**What the exercise asks**
Give the records again exactly. Pictures do not belong in the copy.

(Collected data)
Content starts
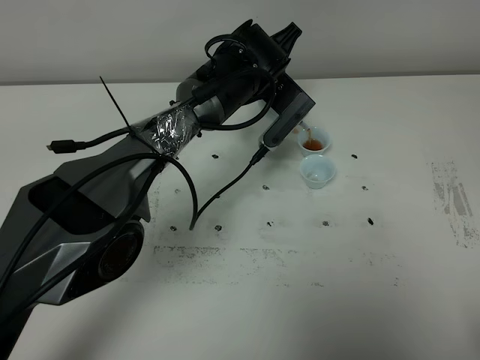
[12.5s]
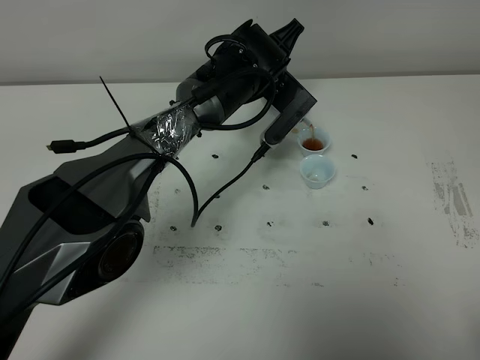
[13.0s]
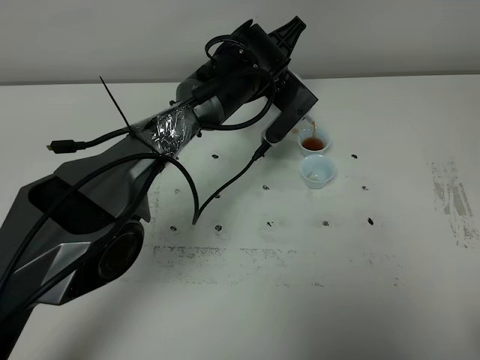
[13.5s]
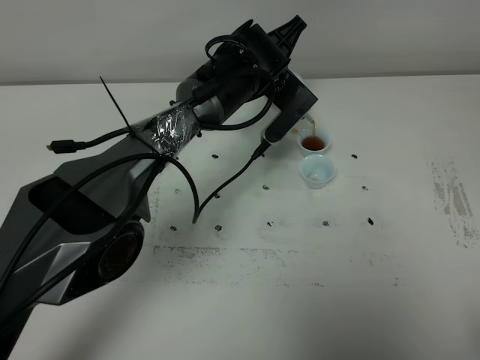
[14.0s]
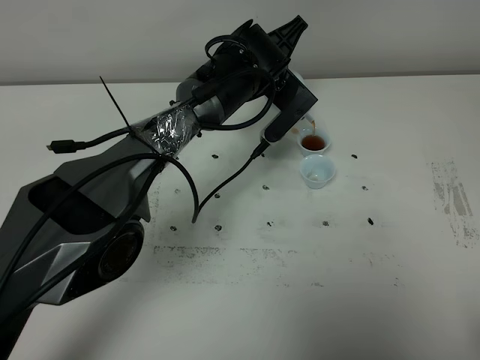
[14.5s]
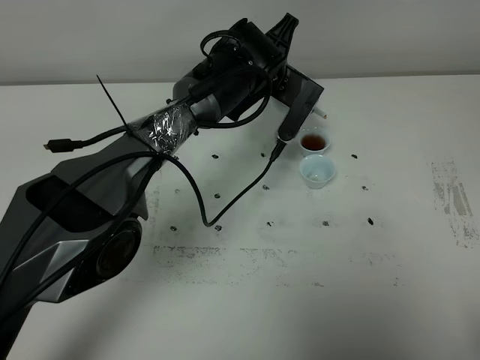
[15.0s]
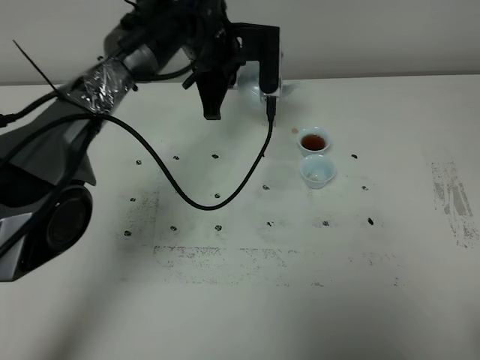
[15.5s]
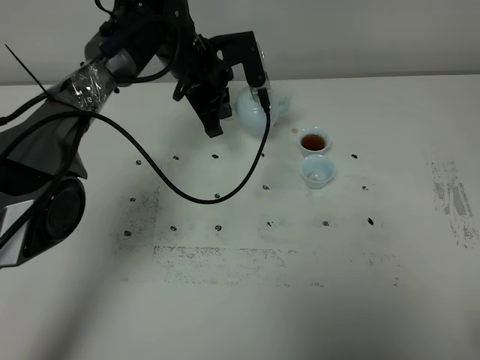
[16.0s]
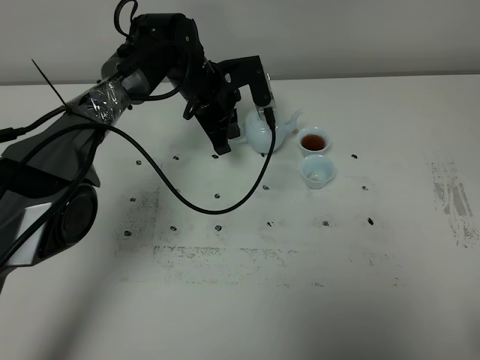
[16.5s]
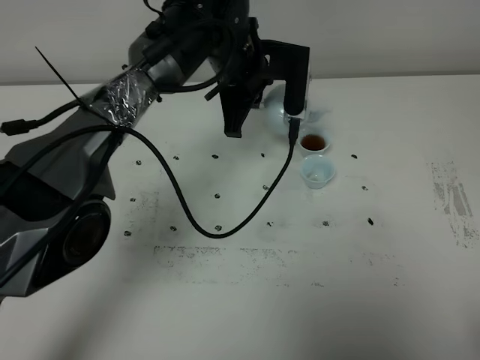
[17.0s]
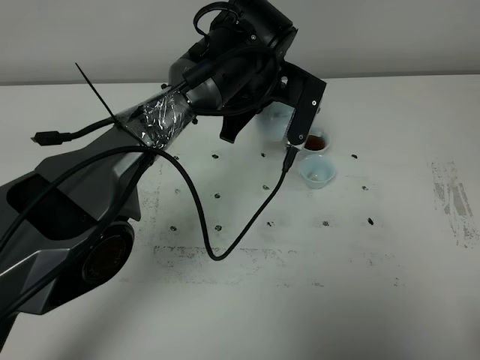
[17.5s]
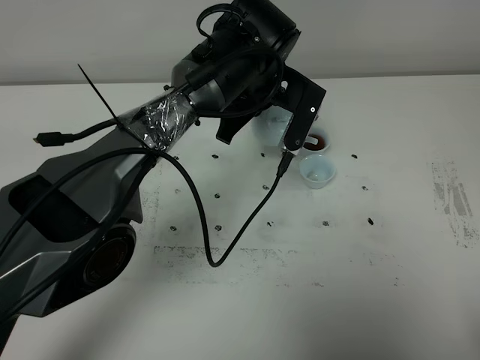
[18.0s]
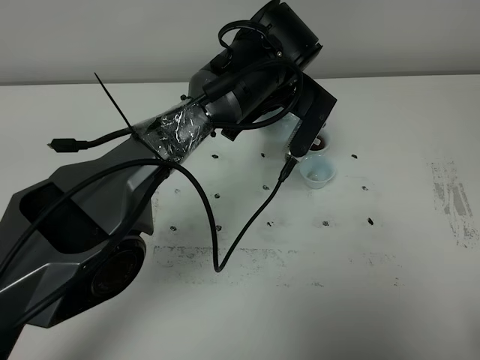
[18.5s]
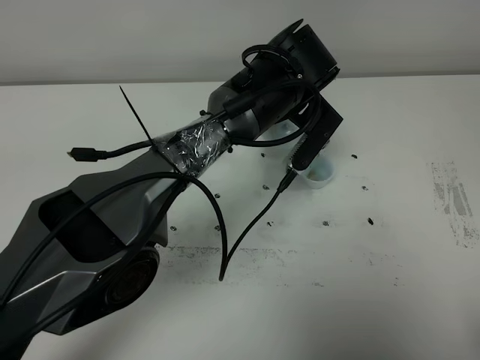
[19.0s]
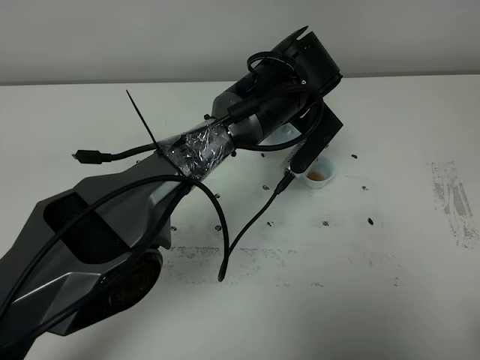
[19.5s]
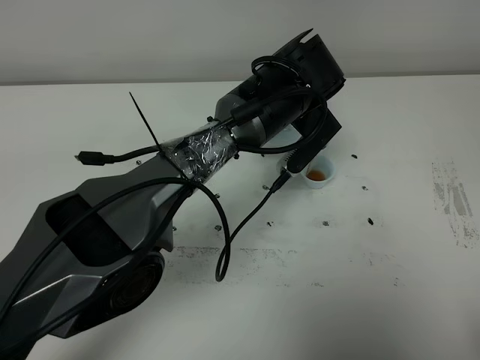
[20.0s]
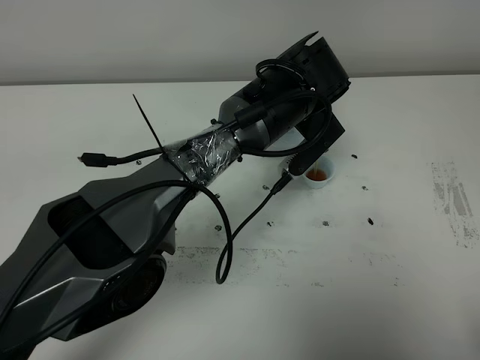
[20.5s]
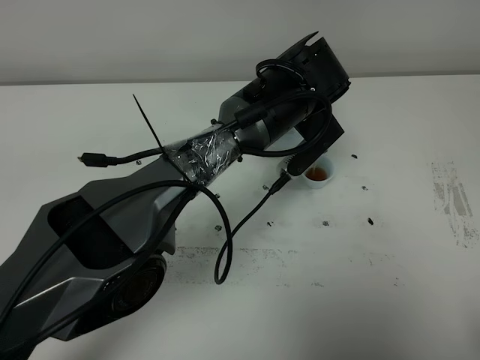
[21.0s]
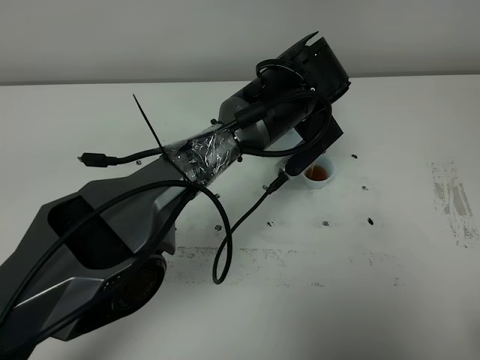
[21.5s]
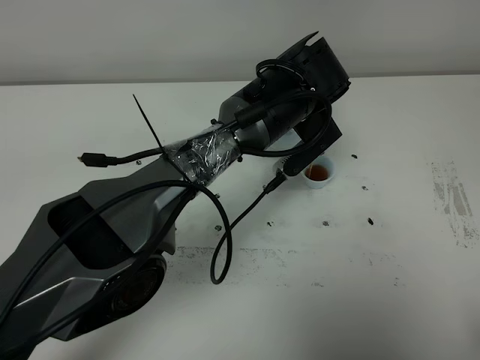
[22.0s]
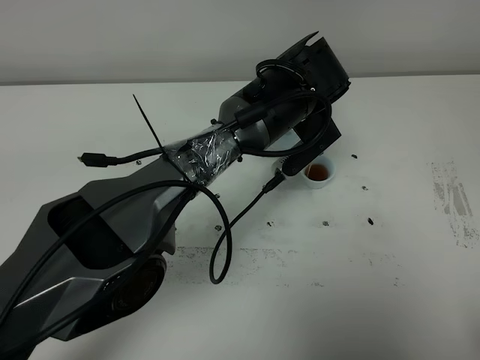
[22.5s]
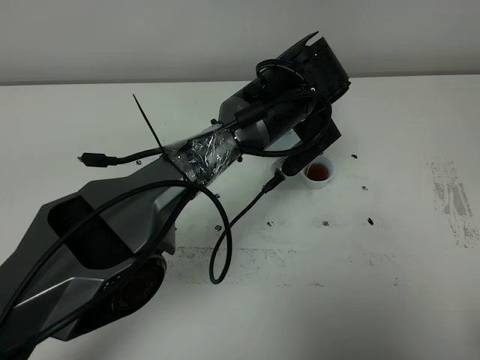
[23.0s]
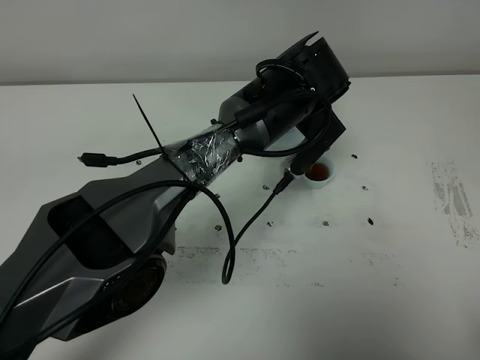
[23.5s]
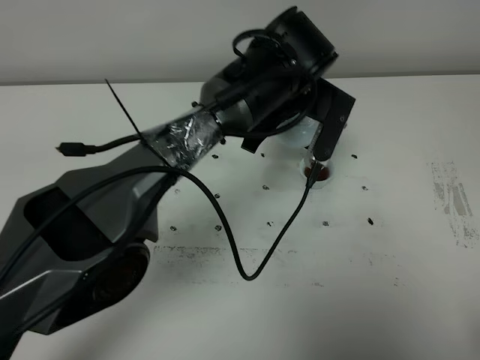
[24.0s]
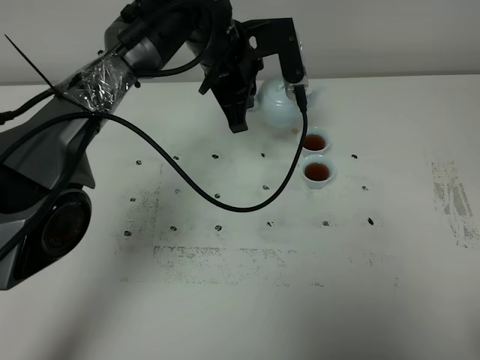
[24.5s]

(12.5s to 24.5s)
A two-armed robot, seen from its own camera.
Task of the whole recording: grasp the blue porcelain teapot and pour the tea into the two blue porcelain teacups one by one, put the blue porcelain teapot back in its original place.
Step, 12.5s - 24.0s: Pour tea into the teacup with the left gripper.
12.5s - 14.5s: Neither gripper changes place.
14.5s - 16.5s: The left gripper is displaced to the left by some 10 cm.
16.5s - 18.5s: The left gripper moves to the right, backward and upward, some 15 cm.
20.5s - 22.5s: The two grippers keep their place.
22.5s - 24.5s: The left gripper travels to the left by roughly 10 cm.
Content ends
**Written solution**
[12.5s]
[13.0s]
[13.5s]
[14.0s]
[14.5s]
[15.0s]
[15.5s]
[16.0s]
[16.5s]
[17.0s]
[17.5s]
[18.0s]
[18.5s]
[19.0s]
[19.5s]
[20.0s]
[20.5s]
[21.0s]
[21.5s]
[22.0s]
[22.5s]
[23.0s]
[23.5s]
[24.0s]
[24.5s]

(12.5s to 24.5s)
A two-armed robot, seen from its own camera.
Task of the whole recording: grasp the blue porcelain teapot and pour the tea into the two blue porcelain teacups one by one, put the blue porcelain teapot back in its original place.
Step, 12.5s - 24.0s: Pour tea into the teacup with the left gripper.
12.5s - 14.5s: Neither gripper changes place.
14.5s - 16.5s: The left gripper is displaced to the left by some 10 cm.
16.5s - 18.5s: The left gripper moves to the right, backward and upward, some 15 cm.
20.5s - 22.5s: The two grippers keep their place.
22.5s - 24.5s: The left gripper travels to the left by roughly 10 cm.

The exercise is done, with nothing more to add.